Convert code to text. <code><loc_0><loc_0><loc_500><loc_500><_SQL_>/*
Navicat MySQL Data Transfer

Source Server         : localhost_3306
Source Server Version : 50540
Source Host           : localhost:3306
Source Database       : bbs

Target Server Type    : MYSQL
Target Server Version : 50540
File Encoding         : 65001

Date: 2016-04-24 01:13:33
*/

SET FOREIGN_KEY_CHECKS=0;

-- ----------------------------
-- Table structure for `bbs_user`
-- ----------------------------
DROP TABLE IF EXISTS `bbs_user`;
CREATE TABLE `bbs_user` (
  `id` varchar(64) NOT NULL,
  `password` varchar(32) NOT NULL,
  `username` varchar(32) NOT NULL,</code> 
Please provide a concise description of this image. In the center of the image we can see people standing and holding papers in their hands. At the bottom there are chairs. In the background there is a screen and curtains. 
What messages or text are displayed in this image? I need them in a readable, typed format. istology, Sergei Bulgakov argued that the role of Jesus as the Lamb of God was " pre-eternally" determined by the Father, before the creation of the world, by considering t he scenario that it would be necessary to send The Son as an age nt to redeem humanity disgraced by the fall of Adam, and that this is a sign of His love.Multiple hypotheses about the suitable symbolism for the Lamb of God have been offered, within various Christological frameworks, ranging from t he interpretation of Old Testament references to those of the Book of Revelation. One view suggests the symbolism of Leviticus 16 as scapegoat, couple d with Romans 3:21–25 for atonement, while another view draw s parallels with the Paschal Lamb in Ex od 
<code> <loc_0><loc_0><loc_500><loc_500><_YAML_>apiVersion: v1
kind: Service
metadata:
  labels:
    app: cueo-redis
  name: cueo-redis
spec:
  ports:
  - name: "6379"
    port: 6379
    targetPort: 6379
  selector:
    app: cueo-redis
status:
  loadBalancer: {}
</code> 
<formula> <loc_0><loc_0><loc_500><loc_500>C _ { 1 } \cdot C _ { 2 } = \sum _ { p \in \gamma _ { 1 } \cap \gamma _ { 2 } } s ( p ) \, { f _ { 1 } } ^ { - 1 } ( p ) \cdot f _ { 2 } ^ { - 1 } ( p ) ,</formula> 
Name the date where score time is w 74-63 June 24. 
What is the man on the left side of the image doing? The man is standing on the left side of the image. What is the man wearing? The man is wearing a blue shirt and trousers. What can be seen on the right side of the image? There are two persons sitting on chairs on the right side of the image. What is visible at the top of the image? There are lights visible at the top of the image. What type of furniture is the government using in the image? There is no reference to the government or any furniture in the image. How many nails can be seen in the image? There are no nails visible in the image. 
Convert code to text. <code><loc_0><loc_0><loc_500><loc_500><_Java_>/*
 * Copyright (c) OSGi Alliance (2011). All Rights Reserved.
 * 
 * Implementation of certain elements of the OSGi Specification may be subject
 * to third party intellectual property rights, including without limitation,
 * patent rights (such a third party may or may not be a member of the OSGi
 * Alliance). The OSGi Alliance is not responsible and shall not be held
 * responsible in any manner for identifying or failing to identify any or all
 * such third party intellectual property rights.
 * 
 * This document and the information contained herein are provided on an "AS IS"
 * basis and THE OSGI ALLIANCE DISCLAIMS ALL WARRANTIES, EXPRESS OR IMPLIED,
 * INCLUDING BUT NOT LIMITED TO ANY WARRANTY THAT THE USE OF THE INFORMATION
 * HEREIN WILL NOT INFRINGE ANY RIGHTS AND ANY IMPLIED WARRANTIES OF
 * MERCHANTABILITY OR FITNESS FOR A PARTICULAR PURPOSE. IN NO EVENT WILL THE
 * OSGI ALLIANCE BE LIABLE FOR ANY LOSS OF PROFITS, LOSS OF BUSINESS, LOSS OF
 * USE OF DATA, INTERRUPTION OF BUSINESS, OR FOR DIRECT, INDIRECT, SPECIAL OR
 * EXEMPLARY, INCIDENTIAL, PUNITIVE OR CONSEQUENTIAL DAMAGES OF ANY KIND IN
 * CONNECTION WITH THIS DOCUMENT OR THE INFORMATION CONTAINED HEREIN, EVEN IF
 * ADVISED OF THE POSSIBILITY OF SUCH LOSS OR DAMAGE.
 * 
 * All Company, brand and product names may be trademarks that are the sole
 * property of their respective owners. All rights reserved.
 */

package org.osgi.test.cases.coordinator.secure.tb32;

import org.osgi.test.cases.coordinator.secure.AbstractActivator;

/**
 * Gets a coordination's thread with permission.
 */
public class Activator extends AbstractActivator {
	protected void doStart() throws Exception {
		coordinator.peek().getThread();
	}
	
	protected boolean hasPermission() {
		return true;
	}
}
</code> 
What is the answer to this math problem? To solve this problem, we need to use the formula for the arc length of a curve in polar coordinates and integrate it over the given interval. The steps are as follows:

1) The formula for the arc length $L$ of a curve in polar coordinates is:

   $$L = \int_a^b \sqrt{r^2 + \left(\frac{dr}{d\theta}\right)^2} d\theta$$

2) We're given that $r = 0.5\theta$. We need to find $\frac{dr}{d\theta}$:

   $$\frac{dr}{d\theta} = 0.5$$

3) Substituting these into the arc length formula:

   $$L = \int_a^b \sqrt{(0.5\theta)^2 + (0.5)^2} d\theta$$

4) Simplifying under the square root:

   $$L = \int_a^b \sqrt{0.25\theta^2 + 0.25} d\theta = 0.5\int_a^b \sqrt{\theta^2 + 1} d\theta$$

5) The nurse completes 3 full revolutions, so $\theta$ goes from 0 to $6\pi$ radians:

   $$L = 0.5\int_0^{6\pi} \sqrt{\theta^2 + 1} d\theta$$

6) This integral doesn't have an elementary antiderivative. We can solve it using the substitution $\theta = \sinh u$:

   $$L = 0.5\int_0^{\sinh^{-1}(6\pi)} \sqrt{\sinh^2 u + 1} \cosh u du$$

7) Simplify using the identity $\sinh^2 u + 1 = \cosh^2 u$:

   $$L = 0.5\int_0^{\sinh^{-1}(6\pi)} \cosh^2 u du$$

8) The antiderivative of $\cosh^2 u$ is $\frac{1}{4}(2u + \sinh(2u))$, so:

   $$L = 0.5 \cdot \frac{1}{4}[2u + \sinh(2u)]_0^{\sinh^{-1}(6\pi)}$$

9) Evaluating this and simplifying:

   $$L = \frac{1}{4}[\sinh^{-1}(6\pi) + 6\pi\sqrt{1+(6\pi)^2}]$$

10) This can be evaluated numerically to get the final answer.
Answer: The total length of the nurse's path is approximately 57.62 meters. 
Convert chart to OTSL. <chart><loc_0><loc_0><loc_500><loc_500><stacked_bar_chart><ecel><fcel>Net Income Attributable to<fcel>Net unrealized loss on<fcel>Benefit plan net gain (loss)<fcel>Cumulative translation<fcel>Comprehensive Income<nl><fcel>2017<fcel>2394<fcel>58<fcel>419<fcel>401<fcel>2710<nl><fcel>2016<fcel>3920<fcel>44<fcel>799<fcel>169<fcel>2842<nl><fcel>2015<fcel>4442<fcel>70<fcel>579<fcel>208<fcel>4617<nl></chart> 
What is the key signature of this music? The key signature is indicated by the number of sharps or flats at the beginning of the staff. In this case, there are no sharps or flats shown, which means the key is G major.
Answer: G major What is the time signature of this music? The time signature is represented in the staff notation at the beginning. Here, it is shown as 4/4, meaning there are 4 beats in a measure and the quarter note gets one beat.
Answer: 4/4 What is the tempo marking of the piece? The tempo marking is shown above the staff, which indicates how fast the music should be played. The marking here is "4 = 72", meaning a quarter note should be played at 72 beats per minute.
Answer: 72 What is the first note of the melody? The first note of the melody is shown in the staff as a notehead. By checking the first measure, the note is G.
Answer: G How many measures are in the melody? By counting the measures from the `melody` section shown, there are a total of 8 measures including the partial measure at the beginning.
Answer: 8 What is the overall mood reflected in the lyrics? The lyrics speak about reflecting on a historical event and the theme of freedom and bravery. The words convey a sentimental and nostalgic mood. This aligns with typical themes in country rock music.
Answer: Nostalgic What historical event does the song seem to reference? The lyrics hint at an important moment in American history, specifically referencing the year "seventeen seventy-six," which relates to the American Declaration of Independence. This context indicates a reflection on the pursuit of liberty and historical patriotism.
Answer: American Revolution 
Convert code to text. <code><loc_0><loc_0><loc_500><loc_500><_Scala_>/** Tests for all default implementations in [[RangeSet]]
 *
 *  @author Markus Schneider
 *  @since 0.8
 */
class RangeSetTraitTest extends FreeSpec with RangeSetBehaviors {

◆ ◆ ◆

# [ASSIGNMENT]
Note every line of the records that holds the word "NULL", and copy it.

# [OUTPUT OF THE TASK]
  `id` varchar(64) NOT NULL,
  `password` varchar(32) NOT NULL,
  `username` varchar(32) NOT NULL,</code> 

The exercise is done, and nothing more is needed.